Our common shares are listed on the Toronto Stock Exchange (the “TSX”) and the New York Stock Exchange (the “NYSE”) under the symbol “CVE”. On September 18, 2019, the last completed trading day prior to the date of this prospectus, the closing price of the common shares on the TSX and NYSE was $13.23 and US$9.97 per common share, respectively. Unless otherwise specified in the applicable prospectus supplement, the debt securities, preferred shares, subscription receipts, warrants, share purchase contracts and units will not be listed on any securities or stock exchange. There is no market through which the debt securities, preferred shares, subscription receipts, warrants, share purchase contracts and units may be sold and purchasers may not be able to resell such securities purchased under this prospectus and the applicable prospectus supplement. This may affect the pricing of the debt securities, preferred shares, subscription receipts, warrants, share purchase contracts and units in the secondary market, the transparency and availability of trading prices, the liquidity of the debt securities, preferred shares, subscription receipts, warrants, share purchase contracts and units and the extent of issuer regulation. See “Risk Factors”.

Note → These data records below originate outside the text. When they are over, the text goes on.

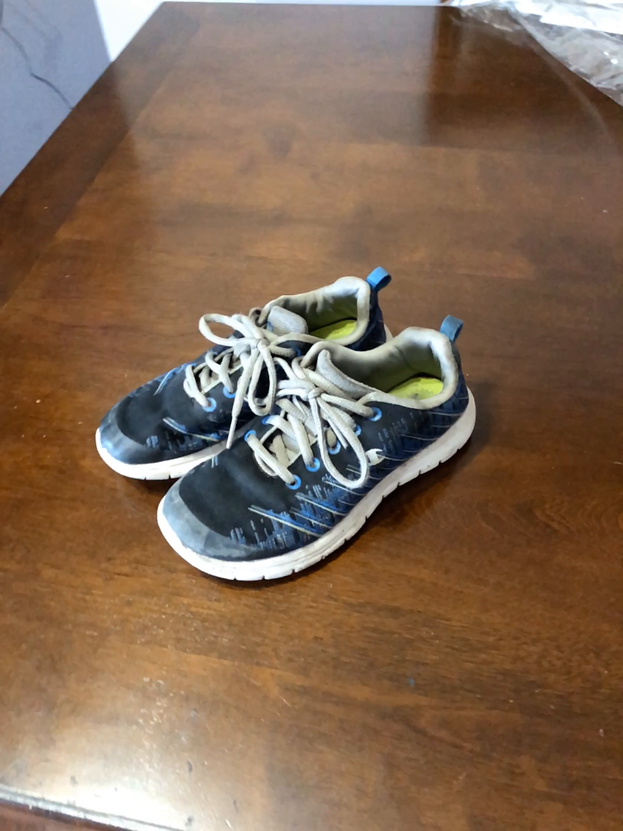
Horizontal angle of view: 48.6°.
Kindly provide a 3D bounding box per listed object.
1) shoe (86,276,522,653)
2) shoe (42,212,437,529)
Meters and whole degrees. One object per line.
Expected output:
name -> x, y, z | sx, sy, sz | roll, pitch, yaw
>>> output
shoe -> 0.002, 0.021, 0.423 | 0.230, 0.090, 0.100 | -30, 54, -20
shoe -> -0.041, -0.035, 0.454 | 0.220, 0.090, 0.100 | -25, 53, -16
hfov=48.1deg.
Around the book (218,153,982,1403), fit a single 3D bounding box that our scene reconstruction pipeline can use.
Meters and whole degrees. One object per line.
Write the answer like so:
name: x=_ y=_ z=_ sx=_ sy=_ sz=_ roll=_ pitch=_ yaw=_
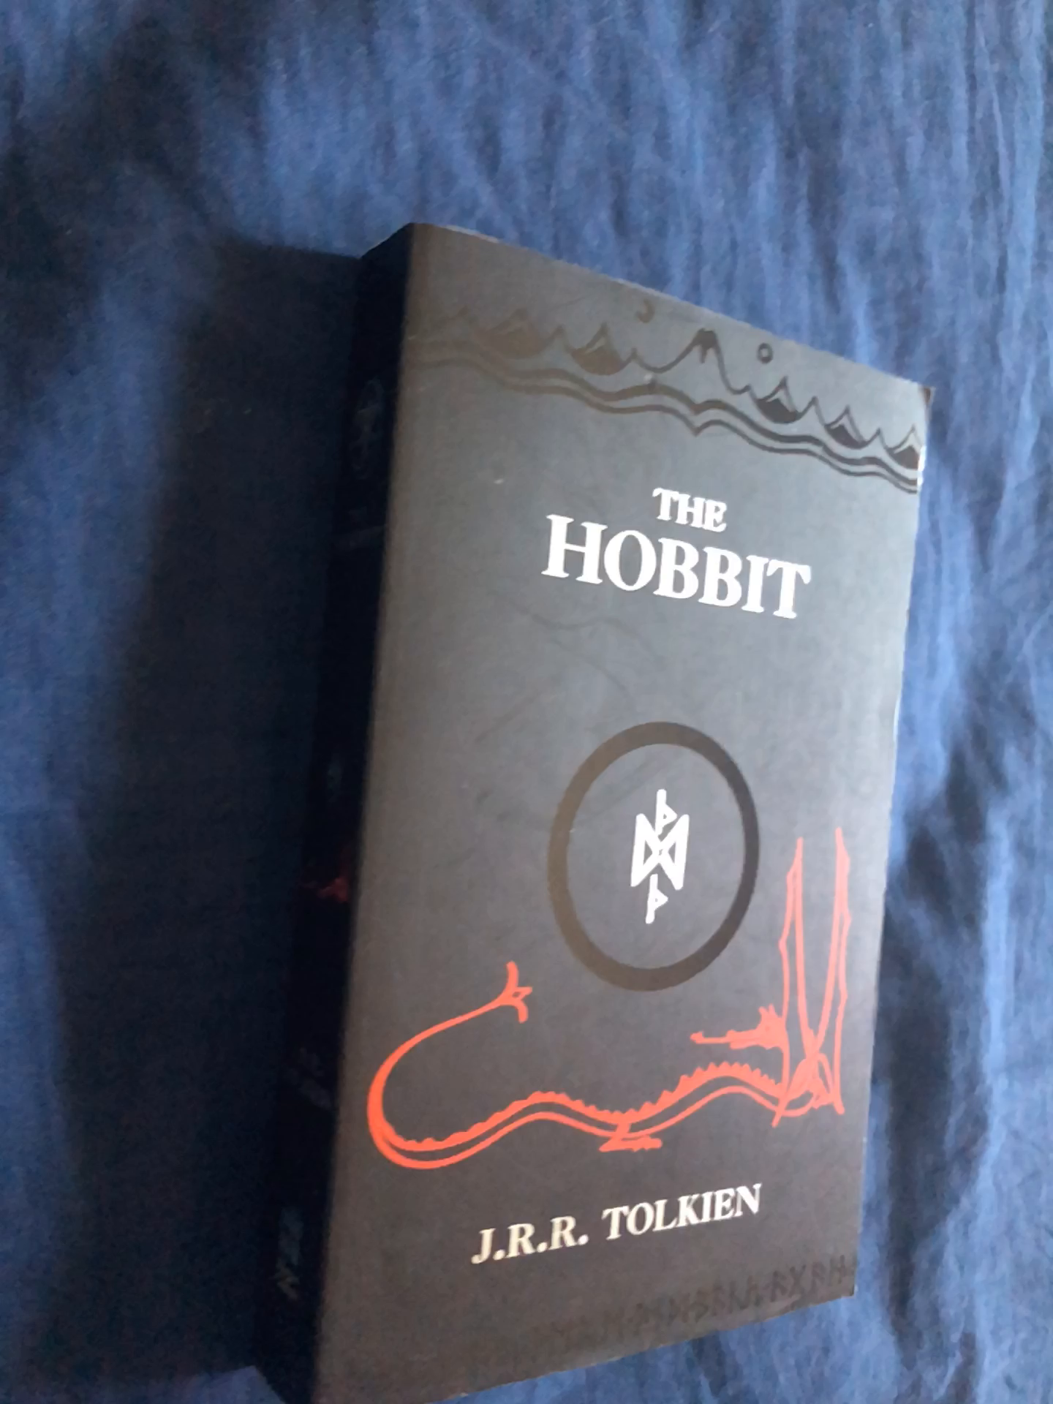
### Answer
book: x=0.019 y=0.020 z=0.207 sx=0.120 sy=0.040 sz=0.180 roll=6 pitch=87 yaw=-33
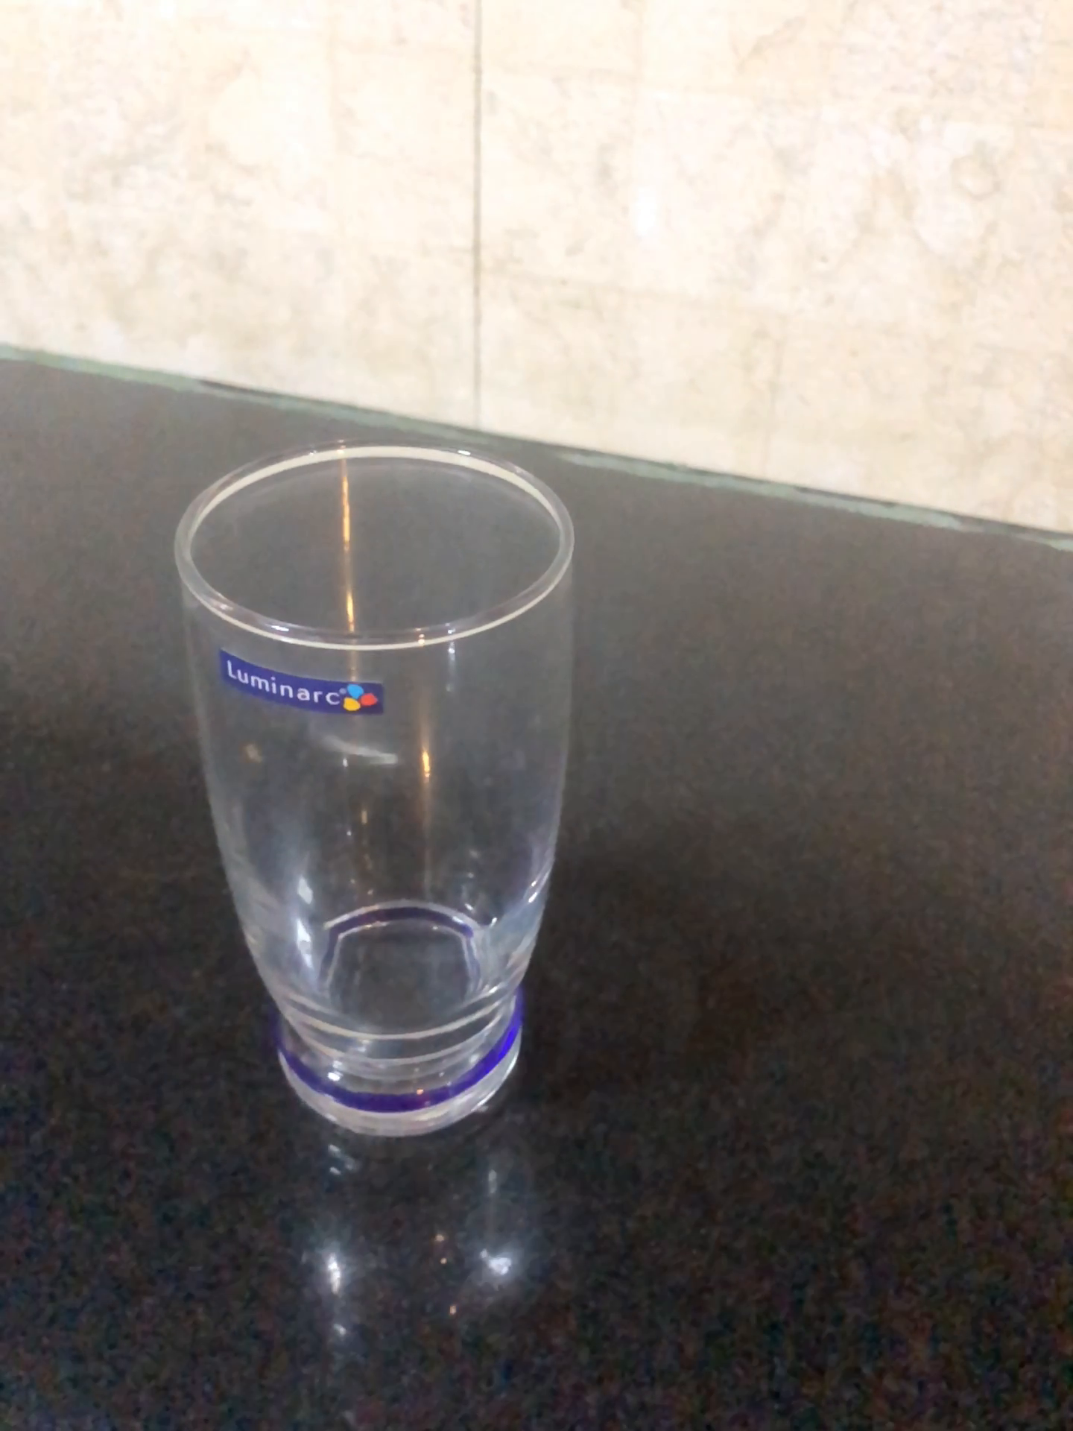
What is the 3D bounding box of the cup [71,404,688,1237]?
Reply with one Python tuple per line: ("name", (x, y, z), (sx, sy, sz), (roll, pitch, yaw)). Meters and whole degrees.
("cup", (-0.020, 0.021, 0.231), (0.080, 0.129, 0.081), (2, 37, -1))

Mr. Steven F. Leer, Mr. Richard J. Marcogliese and Ms. Rhonda I. Zygocki are directors of Cenovus Energy Inc. (“Cenovus”) who reside outside of Canada. Each of these directors has appointed us as their agent for service of process in Canada at 2600, 500 Centre Street S.E., Calgary, Alberta, Canada T2G 1A6. Purchasers are advised that it may not be possible for investors to enforce judgments obtained in Canada against any person that resides outside of Canada, even if the party has appointed an agent for service of process.
Our head and registered office is located at 2600, 500 Centre Street S.E., Calgary, Alberta, Canada T2G 1A6.
Our earnings coverage ratios for the twelve month periods ended December 31, 2018 and June 30, 2019 are less than one-to-one. See “Earnings Coverage”.